Вдруг кто-то обнял маленького старичка Петрована за шею, будто бы Петруша стал маленьким озябшим старичком, и спину его охватило теплом чужого тела. Откуда-то сбоку заглядывали ему в лицо участливые глаза той светленькой девушки, которая давеча купалась.
— Бедный Петрованушка, как ты продрог! — сказала она.
— Совсем окоченел, — пошевелил губами Петруша, пытаясь улыбнуться. Она ж вдруг подняла его на руки и куда-то понесла.
— Что ты делаешь? Перестань, я ведь не маленький, — запротестовал он. Но его холодный нос уперся в ее теплую шею, он согрелся и успокоился, что-то вспоминая. И вспомнил. Вот так же несла его нянька, сильная и добрая женщина, ослабевшего и иссохшего после тяжелой болезни. Он ходил тогда в первый класс, но заболел воспалением легких и, как потом ему говорили, чуть не умер.
Нянька принесла его в ванну и стала осторожно мыть. Ему было стыдно, что его такого большого моют. А нянька ласково прикасалась к его шелушащемуся от грязи телу, и его шатало от этих осторожных прикосновений. Он бы упал, если бы она не поддерживала его другой рукой.

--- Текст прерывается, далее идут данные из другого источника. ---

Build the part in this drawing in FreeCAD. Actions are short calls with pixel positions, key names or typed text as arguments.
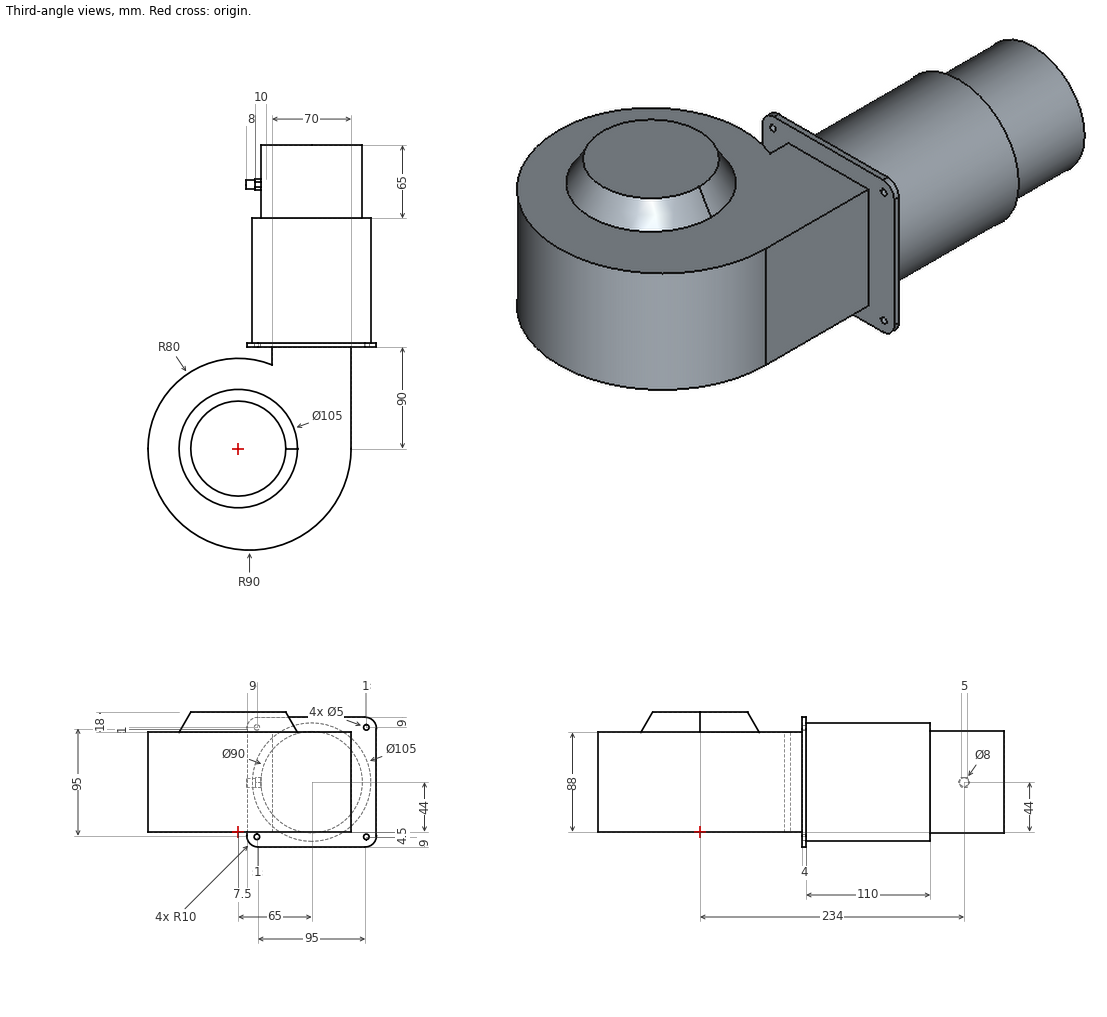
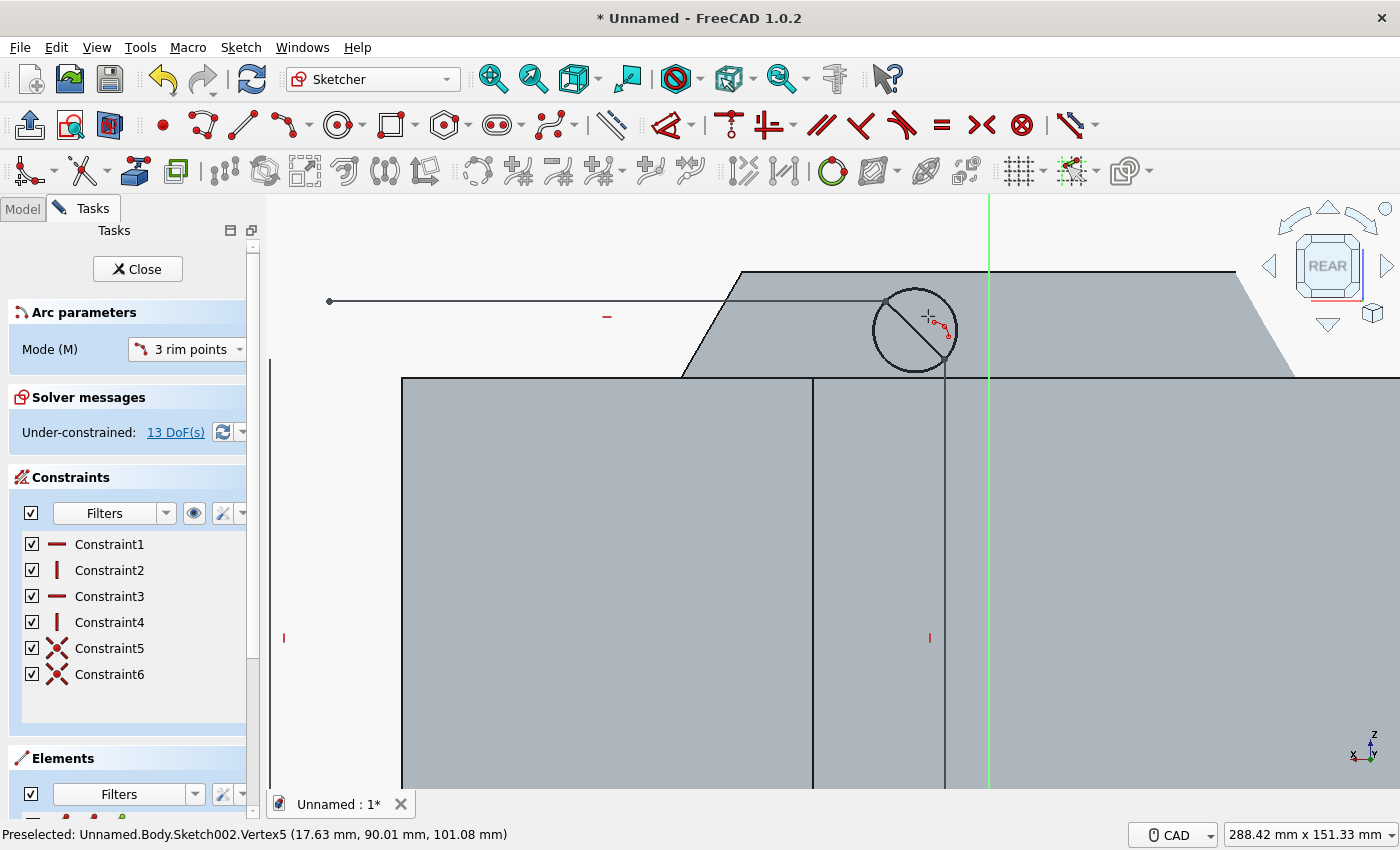
click(928, 316)
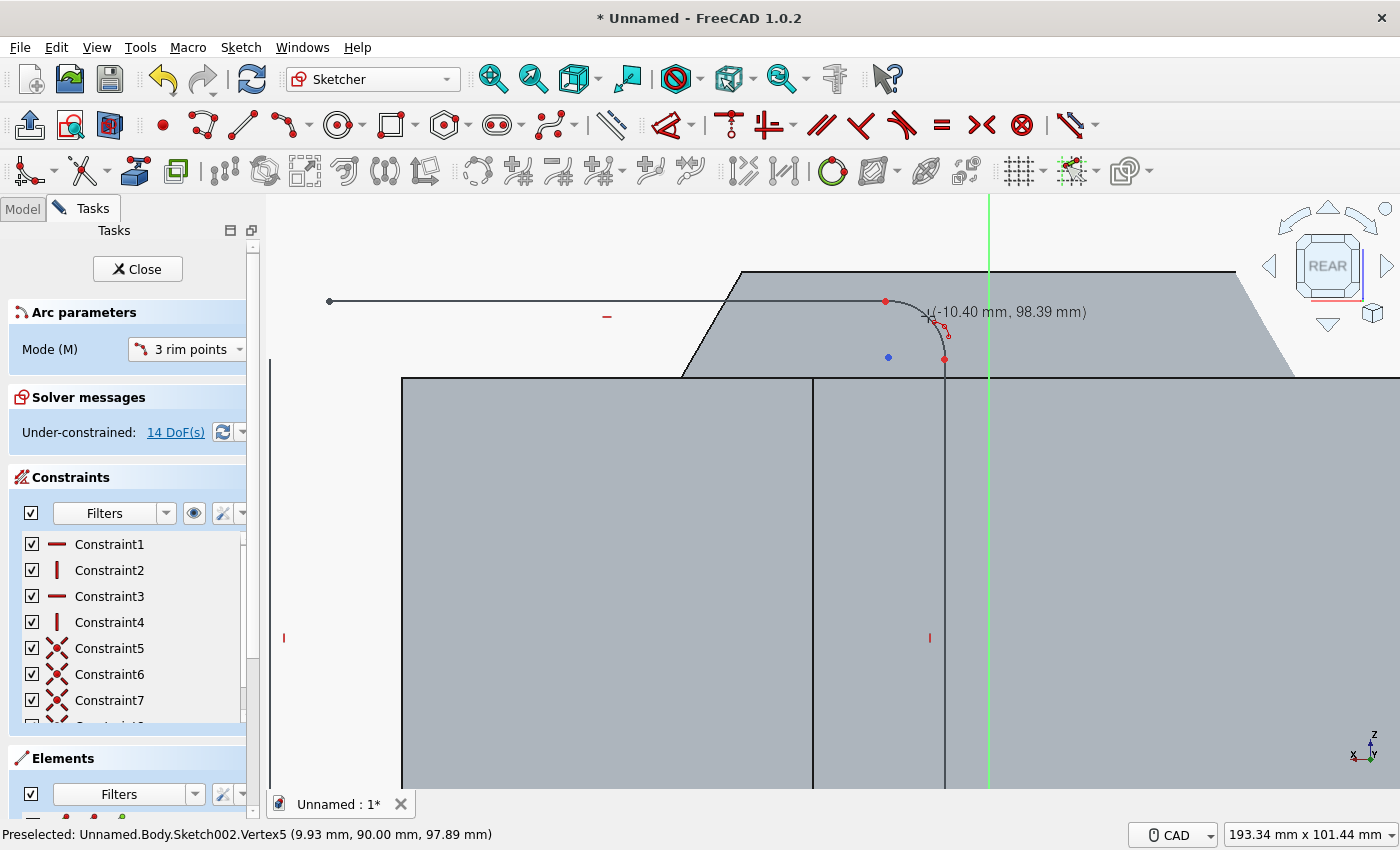
click(330, 301)
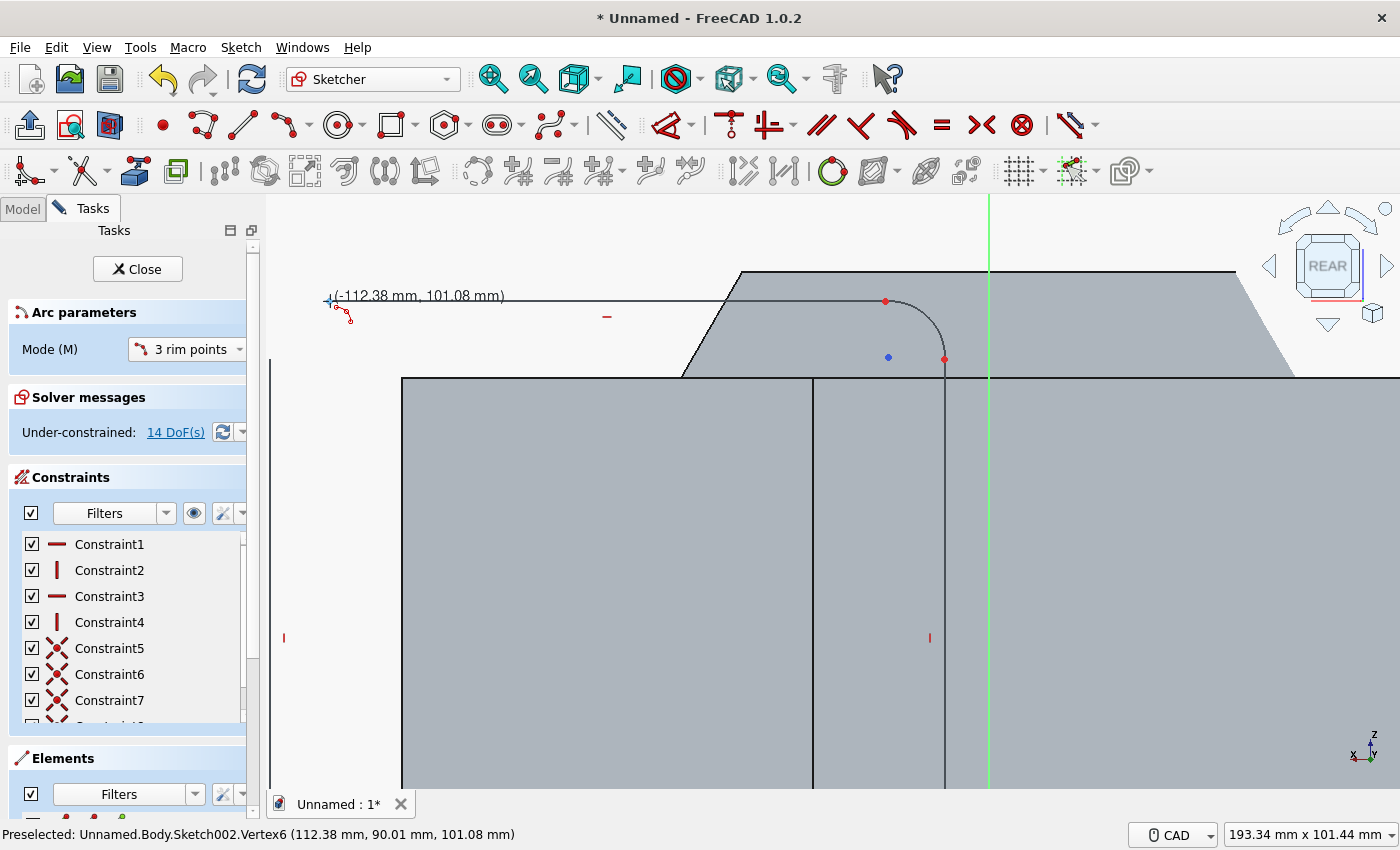
scroll(928, 316, down, 3)

Потом женщина завернула его в простыню и понесла в палату на второй этаж, а он уткнулся носом в ее горячую шею и едва сдерживал слезы. Она, видно, почувствовала это и сказала тихонько:
— Не плачь. Теперь дело на поправку пошло.
— Я сам хочу идти. Зачем меня нести? — сказал он.

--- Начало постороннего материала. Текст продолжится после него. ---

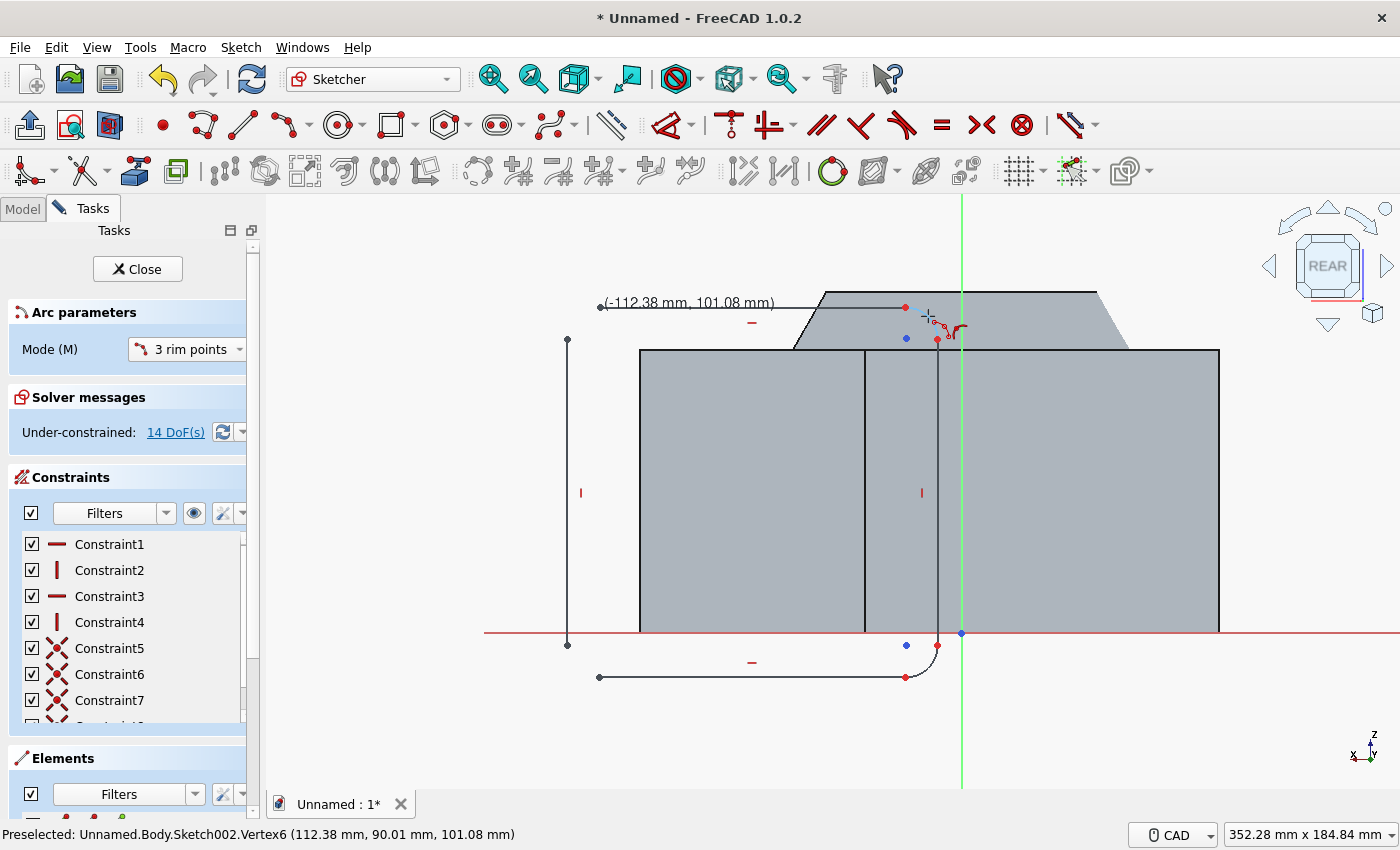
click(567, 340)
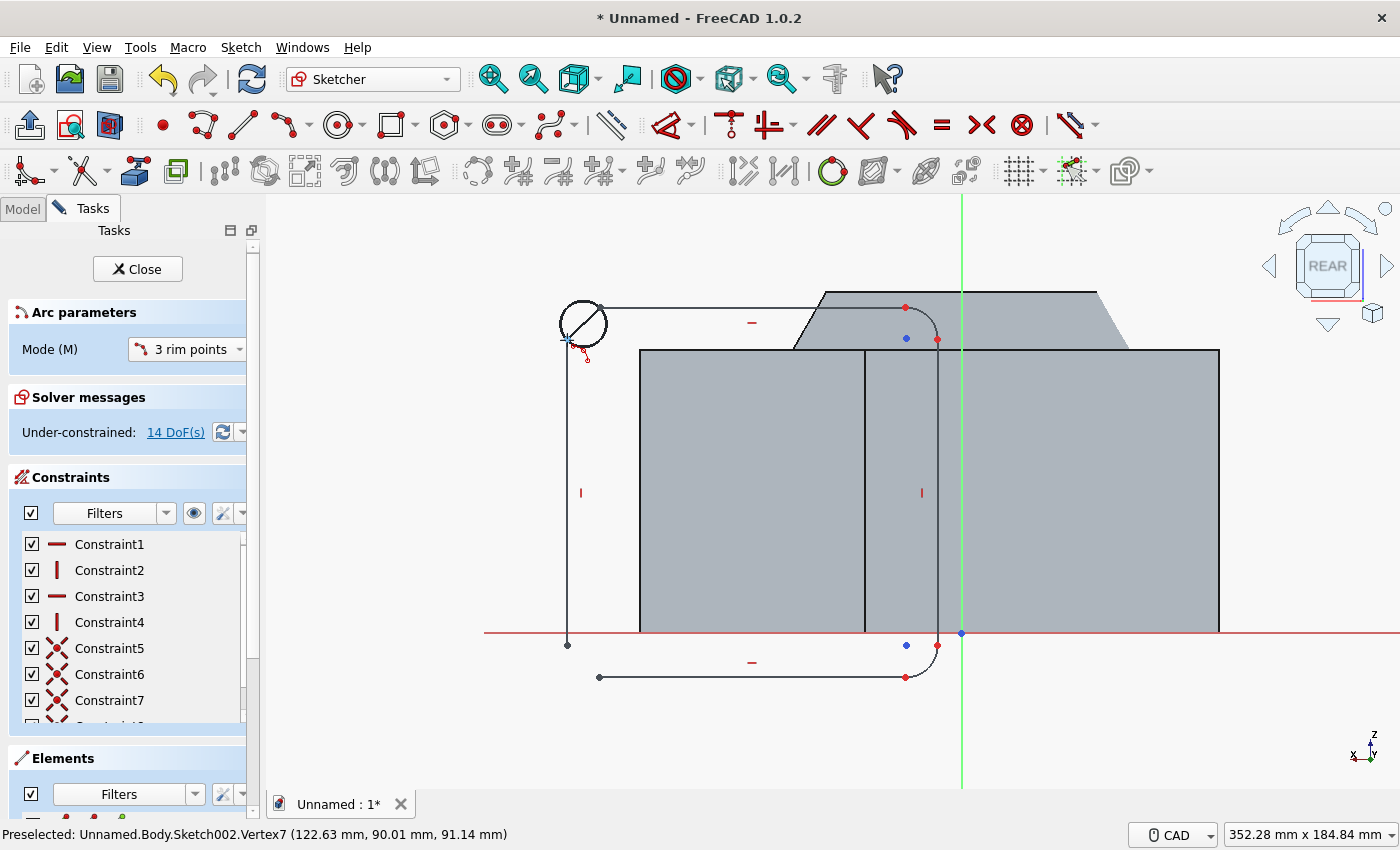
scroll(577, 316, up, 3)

— Скоро и сам заходишь, — улыбнулась нянька.
— Я ведь тяжелый.
— Да ты легонькой, — усмехнулась нянька и осторожно положила его на постель. Он почувствовал большое облегчение и легкость во всем теле, как будто бы стал невесомым.
И вот теперь во сне все это повторялось, его несли на руках и от слабости он не мог пошевелиться.
— Куда ты меня несешь? — спросил он.
— Домой, к великанам. Ты ведь заблудился, братец мой Петрованушка. Все наши обыскались тебя. А живем мы в Комариной долине.
Она принесла его в Комариную долину, уложила спать. Утром он проснулся бодрый и здоровый. И как будто она подошла к его кровати и стала рассказывать:
— Вспомни, Петрованушка, братец милый, свою прежнюю жизнь. Мы ведь с тобой оба великаны, хотя ничем и не отличаемся от обычных людей. Но когда надо, огромная сила просыпается в нас. А еще мы можем раздавать свое счастье многим несчастным. Нас, правда, немного, наверное, мы перерождаемся в обыкновенных людей. Да ведь много великанов никогда и не бывает.